Quantum techniques could revolutionise IT

A team of scientists from data cybernetics in Germany, the Korea Advanced Institute of Science and Technology (KAIST), and UKZN's Centre for Quantum Technology, published research in "Nature Quantum Information" about the successful application of a machine learning tool, known as the kernel method, to quantum computers, formally making a link that could enhance various machine learning methods.

Quantum computing, which solves some computational problems far faster than classical computing by employing quantum phenomena, promises the ability to enhance machine learning tasks, such as pattern recognition in the analysis of extremely large datasets.

By learning from labelled data, machine learning techniques are used to predict categories for input data, and these pattern recognition techniques in classical supervised machine learning aim to get the best possible results while using minimal computational resources. Despite the limitations in their computations, these techniques have been applied successfully in science and industry.

Vectors, the numerical representations of objects in pattern recognition and machine learning, are collected in what is called a feature space. Kernel methods are an important tool in pattern analysis, referring to a similarity measure of data corresponding to an inner product in the feature space. They are vital for pattern analysis; however, classical classifiers relying on kernel methods are limited when feature space is large, and the kernel functions are computationally expensive to evaluate.

The UKZN, KAIST and data cybernetics team further proposed a quantum binary classifier, where the raw data is either represented by classical data via a quantum feature map or intrinsic quantum data, and the classification is based on the kernel function that measures the closeness of the test data to training data.

Dr Daniel Park of KAIST explained that the distance-based quantum classifier's kernel is based on the quantum state fidelity, a natural measure of the similarity in the quantum domain, and said the quantum kernel can be tailored systematically with a quantum circuit, making it an excellent candidate for real-world applications.

The 'swap-test' algorithm developed by these researchers will be practically useful for machine learning tasks where there is a small number of training data and large feature space. The 'swap-test' is an elementary operation in quantum computing that calculates the state overlap (or fidelity) of two states.
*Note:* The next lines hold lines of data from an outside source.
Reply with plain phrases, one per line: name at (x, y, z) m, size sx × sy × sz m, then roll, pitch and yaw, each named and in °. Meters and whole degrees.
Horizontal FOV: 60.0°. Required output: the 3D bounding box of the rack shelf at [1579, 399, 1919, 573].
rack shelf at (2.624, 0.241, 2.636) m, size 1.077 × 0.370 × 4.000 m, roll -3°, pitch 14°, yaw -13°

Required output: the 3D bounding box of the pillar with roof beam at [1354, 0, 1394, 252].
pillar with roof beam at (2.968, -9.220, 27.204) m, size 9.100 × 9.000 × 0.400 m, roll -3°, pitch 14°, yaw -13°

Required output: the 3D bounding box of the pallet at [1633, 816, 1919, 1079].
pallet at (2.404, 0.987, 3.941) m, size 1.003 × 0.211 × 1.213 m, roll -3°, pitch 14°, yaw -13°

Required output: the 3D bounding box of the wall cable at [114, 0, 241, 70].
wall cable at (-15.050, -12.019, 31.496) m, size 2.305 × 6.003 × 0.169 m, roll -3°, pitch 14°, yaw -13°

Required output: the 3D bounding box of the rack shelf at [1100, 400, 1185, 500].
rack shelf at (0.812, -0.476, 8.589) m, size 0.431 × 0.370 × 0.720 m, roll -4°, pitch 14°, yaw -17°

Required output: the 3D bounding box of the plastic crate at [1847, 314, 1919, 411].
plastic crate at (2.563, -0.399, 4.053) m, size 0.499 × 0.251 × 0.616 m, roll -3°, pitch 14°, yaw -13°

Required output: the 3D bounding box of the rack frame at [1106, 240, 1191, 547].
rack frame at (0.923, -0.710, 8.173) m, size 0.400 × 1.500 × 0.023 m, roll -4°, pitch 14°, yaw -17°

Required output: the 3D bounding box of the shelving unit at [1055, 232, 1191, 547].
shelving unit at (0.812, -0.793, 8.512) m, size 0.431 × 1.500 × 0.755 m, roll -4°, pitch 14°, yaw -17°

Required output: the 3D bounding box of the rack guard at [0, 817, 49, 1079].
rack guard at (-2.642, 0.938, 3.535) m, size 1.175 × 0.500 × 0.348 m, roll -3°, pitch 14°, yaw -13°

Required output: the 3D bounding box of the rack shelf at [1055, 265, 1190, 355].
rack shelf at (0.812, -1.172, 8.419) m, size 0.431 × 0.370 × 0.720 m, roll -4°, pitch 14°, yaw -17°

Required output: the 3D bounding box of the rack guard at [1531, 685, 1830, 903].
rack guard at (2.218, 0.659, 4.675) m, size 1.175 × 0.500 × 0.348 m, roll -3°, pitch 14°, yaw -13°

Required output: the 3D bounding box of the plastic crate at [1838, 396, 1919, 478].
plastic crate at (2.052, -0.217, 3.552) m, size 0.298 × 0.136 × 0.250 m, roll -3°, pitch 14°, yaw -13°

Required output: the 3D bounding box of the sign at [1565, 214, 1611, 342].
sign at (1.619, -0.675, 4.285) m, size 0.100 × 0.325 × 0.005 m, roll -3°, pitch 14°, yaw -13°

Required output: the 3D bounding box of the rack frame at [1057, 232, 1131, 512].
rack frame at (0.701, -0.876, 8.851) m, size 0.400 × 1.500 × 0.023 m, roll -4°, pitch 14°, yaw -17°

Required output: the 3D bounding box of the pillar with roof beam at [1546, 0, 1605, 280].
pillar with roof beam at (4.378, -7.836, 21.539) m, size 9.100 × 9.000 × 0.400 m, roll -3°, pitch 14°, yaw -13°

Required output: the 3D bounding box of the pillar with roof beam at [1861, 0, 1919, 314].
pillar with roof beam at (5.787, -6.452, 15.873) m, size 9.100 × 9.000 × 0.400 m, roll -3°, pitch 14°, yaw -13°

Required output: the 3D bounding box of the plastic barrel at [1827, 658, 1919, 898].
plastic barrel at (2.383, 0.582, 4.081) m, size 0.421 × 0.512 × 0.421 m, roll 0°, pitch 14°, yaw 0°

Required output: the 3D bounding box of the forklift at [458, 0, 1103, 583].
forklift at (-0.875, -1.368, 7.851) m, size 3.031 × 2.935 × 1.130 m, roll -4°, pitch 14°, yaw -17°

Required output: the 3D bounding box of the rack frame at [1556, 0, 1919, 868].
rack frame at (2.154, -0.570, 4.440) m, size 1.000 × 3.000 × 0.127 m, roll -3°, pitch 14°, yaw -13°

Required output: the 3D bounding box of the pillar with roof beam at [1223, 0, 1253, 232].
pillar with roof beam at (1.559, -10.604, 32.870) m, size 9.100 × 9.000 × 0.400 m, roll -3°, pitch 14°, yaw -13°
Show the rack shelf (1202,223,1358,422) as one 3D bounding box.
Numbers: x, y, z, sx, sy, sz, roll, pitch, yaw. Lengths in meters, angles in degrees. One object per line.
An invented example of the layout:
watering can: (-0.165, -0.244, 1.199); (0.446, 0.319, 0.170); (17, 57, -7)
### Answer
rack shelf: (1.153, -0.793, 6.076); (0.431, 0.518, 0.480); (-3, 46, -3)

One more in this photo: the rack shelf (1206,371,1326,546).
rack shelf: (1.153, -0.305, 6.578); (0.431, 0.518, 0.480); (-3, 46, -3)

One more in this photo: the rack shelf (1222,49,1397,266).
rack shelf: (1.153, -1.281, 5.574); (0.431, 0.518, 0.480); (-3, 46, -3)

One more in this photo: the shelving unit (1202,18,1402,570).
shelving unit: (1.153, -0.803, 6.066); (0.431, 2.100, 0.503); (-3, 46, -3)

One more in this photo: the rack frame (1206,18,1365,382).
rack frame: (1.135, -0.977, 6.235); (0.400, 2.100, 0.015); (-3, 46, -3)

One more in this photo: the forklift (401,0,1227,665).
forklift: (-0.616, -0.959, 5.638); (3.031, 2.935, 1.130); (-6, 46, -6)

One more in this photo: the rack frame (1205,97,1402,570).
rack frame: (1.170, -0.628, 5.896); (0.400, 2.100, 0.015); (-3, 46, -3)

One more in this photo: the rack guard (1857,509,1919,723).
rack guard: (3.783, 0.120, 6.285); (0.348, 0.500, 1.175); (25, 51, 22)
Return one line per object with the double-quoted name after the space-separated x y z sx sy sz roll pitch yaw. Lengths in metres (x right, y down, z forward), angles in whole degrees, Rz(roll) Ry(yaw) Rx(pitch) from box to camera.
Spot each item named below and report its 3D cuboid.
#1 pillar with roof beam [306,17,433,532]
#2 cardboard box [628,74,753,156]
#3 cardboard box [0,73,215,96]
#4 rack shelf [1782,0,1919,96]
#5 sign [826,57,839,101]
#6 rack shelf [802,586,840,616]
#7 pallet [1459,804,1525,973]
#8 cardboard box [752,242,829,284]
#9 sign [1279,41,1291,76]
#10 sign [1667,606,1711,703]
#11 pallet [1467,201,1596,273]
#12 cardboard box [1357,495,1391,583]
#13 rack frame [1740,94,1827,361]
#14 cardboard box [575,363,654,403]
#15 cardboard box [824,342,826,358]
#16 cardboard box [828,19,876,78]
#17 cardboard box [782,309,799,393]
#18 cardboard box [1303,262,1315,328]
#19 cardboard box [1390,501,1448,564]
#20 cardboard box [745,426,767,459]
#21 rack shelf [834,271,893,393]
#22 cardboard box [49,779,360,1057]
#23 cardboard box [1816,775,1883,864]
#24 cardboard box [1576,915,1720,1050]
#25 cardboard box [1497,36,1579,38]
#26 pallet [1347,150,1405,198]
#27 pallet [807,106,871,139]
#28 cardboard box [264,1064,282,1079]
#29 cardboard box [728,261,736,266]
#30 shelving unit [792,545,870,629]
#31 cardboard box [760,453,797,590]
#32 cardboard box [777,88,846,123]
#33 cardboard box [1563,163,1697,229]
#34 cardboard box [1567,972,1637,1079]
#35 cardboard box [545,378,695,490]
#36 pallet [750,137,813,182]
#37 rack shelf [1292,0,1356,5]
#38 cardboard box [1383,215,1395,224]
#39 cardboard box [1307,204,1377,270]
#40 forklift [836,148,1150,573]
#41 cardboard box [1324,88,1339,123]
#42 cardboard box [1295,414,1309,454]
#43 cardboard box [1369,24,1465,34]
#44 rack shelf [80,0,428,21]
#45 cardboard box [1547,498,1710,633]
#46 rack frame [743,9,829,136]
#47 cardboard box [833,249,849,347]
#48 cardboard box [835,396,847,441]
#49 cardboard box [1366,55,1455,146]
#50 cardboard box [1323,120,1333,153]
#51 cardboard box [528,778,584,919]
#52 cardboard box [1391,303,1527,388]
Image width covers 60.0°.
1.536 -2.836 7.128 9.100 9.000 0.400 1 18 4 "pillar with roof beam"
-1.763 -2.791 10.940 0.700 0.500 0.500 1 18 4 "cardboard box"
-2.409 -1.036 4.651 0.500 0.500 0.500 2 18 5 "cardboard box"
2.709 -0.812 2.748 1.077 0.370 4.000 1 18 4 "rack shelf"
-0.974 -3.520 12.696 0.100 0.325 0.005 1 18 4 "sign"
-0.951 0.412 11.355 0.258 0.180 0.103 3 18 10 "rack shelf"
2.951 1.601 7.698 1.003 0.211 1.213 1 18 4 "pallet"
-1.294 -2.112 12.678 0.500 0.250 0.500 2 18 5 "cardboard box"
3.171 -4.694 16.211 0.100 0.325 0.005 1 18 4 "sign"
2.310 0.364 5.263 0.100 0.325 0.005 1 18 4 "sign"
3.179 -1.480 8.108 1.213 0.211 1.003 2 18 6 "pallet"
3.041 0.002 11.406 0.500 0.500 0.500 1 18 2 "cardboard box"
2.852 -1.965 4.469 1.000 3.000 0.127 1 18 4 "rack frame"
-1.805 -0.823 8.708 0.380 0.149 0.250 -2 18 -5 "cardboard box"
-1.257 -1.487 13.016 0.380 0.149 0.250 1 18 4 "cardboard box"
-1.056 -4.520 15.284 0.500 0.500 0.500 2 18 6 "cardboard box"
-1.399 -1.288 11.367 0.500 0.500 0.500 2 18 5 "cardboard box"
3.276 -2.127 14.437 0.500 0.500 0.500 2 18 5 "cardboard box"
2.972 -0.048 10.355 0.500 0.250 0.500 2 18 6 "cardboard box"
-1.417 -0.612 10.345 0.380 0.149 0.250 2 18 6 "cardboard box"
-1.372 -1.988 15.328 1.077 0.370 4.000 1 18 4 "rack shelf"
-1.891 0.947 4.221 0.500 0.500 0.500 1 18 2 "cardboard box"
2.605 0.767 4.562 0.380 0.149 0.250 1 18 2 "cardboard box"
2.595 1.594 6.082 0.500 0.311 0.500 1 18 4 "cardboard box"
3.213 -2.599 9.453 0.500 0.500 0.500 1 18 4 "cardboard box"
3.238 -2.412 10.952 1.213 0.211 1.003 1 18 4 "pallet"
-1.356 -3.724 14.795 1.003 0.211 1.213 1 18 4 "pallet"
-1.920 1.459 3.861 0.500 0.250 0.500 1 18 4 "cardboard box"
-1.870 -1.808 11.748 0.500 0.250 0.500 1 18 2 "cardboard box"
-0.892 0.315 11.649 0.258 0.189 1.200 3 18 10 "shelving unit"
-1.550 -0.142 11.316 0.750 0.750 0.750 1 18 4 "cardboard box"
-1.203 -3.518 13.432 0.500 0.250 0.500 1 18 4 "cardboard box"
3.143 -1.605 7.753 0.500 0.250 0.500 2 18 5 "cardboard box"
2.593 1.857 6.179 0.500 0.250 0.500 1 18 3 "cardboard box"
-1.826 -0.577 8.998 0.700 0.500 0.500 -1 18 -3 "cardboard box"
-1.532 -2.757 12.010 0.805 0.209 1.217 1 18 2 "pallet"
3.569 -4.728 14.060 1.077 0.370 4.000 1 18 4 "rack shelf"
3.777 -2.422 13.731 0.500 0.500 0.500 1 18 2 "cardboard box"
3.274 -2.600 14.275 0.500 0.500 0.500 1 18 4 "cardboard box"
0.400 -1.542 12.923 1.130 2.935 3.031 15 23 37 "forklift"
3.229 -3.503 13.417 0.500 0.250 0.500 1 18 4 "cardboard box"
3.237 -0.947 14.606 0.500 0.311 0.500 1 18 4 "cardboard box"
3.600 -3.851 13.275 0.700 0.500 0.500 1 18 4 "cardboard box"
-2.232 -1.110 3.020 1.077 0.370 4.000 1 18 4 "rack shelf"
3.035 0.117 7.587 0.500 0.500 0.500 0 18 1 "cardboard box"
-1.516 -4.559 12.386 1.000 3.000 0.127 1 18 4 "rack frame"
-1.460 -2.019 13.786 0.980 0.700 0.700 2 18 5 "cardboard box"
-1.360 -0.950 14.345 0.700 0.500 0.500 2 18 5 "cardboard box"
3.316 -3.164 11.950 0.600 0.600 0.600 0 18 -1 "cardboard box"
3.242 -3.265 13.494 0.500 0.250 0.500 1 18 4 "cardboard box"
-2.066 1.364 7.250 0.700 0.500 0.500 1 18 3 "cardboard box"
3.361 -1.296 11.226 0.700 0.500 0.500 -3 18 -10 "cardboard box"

Regardless of the number or size of the data, this protocol requires only a constant number of repetitions, and their novel approach means labelled training data can be densely packed into a quantum state and then be compared to the test data.

"I am delighted to see this great improvement, which makes it possible to apply kernel methods to their full extent," said Professor Francesco Petruccione. He noted the key advantage of the swap-test classifier in comparison to earlier classification algorithms is that the state fidelity of two quantum states includes the imaginary parts of the probability amplitudes, which enables use of the full feature Hilbert vector space.

To demonstrate the usefulness of the classification protocol, independent researcher Dr Carsten Blank implemented the classifier and compared classical simulations with a realistic noise model with a proof-of-principle experiment using the IBM Quantum Experience cloud platform.

"In September 2019, the results were suddenly astonishingly good, proving that our ideas are valid and that the performance of devices is rapidly improving. This is a promising sign that the field is progressing," said Blank.

Dr Park and Dr June-Koo Kevin Rhee from KAIST, with Prof Petruccione, found that a technique called quantum forking can be used to implement the classifier.

"This makes it possible to start the protocol from scratch when the labelled training data and the test data state are all in a product state," said Rhee. "An application to this might be classification of quantum states that we, as humans, don't have a priori knowledge about."

"We demonstrated that our classifier is equivalent to measuring the expectation value of a Helstrom operator, from which the well-known optimal quantum state discrimination can be derived," said Park, calling the finding surprising as it links the optimal state discrimination to state classification and motivates more research.